Segment Start: DATA SUPPLIED

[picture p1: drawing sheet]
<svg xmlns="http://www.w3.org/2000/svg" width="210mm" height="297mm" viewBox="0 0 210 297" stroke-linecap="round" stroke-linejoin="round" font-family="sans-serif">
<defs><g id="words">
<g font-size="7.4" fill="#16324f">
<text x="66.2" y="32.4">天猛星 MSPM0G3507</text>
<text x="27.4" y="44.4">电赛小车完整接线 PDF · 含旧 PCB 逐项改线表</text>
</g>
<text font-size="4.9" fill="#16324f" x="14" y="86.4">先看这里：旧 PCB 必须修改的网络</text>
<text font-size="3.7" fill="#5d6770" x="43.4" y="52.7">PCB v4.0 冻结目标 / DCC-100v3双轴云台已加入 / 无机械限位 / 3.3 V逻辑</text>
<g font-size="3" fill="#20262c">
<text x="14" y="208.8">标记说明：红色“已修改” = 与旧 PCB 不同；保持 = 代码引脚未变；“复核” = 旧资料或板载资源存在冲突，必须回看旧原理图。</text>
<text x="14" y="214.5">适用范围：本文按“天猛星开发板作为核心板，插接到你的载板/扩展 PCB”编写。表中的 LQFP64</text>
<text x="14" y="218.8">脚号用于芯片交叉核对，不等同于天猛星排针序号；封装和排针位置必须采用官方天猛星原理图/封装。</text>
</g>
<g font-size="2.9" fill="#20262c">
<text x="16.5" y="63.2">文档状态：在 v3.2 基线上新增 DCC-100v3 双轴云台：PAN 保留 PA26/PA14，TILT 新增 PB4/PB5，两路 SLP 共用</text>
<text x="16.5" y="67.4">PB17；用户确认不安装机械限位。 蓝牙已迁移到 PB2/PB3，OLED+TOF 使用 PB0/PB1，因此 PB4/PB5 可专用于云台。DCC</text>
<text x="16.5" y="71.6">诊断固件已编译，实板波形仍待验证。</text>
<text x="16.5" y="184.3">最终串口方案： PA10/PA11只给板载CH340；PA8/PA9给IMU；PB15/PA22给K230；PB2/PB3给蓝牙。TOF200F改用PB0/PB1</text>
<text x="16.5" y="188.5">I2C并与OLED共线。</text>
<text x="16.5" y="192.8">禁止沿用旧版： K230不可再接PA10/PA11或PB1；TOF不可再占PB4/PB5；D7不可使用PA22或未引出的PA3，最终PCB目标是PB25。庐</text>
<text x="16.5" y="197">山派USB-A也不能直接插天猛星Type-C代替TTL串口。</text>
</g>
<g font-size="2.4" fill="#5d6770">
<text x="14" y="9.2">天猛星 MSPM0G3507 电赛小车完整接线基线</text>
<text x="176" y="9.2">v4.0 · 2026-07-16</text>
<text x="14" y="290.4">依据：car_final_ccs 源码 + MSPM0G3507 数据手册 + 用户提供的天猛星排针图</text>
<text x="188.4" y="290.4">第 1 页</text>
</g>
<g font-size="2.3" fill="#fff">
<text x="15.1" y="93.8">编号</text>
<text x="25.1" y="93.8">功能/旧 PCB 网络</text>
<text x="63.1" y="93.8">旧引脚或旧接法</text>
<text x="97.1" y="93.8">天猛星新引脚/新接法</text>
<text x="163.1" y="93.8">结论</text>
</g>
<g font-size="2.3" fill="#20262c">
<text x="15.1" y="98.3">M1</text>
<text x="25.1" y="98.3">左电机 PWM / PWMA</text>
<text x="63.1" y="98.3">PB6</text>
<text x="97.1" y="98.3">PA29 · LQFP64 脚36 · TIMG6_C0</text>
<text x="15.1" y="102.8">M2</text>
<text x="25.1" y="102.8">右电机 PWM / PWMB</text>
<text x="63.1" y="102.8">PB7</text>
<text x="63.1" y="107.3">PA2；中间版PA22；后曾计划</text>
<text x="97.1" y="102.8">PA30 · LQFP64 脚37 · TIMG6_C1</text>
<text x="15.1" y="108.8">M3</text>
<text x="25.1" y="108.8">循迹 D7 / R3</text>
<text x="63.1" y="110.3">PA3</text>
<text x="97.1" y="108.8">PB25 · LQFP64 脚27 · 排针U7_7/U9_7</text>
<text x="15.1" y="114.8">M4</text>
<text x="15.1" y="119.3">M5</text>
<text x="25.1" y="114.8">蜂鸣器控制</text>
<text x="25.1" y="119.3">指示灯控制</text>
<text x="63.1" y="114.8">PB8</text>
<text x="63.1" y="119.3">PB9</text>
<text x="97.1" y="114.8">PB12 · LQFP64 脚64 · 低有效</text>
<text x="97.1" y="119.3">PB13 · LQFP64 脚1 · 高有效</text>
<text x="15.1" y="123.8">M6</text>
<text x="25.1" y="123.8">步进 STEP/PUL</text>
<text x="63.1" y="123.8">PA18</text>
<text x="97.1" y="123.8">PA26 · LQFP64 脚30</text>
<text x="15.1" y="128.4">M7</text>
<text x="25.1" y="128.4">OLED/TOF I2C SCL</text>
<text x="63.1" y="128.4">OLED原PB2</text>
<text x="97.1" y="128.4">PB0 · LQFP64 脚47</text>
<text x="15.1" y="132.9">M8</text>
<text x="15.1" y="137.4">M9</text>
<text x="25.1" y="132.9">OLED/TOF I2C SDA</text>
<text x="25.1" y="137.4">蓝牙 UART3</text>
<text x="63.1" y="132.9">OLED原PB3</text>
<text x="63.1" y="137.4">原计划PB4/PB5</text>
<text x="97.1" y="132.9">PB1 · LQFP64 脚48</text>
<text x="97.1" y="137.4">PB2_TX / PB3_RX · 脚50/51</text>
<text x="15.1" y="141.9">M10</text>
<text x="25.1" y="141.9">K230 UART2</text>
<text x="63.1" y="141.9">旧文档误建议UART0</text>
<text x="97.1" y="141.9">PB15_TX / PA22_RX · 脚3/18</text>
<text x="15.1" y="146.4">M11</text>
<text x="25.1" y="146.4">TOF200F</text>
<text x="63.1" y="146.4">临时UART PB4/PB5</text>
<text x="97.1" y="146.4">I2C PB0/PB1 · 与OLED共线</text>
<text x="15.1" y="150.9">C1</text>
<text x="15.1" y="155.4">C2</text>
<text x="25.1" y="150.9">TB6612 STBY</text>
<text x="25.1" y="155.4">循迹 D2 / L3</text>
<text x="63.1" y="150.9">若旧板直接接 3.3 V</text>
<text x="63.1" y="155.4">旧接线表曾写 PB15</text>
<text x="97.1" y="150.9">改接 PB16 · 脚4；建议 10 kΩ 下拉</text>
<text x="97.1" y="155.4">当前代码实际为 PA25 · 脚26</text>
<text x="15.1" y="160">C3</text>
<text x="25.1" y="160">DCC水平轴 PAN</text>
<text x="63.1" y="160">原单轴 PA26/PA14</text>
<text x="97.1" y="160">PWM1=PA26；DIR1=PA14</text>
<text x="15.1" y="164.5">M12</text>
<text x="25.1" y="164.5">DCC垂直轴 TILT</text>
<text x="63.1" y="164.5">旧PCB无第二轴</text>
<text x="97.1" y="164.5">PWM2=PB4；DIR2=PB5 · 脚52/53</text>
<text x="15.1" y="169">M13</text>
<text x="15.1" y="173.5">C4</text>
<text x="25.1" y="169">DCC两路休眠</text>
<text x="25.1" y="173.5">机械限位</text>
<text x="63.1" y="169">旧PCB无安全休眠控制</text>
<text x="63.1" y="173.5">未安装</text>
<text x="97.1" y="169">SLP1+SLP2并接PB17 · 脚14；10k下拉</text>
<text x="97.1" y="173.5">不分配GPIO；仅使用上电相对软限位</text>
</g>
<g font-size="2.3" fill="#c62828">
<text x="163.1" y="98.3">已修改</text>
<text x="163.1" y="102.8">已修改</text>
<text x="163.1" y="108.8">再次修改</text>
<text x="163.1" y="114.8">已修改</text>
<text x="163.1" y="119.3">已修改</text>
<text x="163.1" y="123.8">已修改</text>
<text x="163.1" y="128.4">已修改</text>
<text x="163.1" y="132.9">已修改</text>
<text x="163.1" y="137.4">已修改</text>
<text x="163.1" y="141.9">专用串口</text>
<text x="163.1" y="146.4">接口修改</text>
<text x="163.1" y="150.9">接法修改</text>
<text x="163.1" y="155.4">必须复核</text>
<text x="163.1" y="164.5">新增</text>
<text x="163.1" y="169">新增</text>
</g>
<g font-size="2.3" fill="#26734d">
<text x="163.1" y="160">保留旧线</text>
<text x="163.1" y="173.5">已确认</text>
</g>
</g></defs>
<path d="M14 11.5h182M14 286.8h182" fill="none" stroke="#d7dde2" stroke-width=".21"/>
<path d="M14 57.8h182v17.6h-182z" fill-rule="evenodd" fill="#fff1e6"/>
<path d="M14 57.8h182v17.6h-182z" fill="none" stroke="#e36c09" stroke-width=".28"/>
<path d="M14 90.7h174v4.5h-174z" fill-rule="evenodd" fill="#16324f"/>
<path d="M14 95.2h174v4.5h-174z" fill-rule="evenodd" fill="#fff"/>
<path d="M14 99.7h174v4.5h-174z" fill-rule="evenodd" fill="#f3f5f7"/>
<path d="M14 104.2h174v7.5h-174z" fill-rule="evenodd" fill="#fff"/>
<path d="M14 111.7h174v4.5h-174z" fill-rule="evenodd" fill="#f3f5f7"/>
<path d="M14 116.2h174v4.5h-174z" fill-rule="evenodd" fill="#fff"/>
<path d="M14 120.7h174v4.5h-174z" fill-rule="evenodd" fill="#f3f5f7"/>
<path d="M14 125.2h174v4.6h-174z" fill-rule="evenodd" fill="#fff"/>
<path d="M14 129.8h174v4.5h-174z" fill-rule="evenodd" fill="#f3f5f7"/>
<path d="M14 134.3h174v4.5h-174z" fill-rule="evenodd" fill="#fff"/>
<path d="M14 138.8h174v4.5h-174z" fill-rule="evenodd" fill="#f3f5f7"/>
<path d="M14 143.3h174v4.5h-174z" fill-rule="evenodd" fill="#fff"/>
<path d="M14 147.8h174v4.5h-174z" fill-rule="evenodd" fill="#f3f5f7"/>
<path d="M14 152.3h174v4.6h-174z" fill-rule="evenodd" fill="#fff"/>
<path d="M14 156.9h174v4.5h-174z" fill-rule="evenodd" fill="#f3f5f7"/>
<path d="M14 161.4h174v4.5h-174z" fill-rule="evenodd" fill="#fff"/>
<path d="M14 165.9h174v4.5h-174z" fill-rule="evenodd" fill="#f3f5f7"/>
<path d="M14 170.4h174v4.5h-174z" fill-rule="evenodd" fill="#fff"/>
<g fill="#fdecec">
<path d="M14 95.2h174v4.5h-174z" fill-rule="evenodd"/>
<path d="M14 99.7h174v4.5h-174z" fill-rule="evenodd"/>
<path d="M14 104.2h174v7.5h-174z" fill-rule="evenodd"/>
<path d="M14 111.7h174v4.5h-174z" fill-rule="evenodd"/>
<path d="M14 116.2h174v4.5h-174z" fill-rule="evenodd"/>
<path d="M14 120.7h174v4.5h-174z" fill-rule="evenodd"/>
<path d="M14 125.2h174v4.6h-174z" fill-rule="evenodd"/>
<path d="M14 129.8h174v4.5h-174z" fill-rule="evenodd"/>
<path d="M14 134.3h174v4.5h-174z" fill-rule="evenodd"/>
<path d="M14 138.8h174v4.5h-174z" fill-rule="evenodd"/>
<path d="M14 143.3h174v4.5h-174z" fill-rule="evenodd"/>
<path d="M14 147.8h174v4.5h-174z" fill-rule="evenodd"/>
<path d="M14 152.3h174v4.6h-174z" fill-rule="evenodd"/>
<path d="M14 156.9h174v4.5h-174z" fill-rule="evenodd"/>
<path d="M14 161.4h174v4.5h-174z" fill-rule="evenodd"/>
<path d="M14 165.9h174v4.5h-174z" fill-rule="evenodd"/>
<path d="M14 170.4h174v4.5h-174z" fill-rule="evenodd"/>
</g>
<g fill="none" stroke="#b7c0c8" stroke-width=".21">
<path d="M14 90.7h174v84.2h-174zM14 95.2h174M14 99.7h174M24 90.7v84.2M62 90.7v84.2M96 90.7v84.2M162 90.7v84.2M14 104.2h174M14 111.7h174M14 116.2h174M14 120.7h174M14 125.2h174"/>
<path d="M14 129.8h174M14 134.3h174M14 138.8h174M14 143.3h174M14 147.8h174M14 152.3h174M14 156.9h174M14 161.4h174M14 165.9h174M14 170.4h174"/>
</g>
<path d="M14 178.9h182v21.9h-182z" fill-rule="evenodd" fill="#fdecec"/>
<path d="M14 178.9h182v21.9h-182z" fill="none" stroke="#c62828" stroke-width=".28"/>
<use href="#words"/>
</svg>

Segment End: DATA SUPPLIED

When a line contains the string "fdecec", count that line; once every line of the records has been checked, state the count alone.

2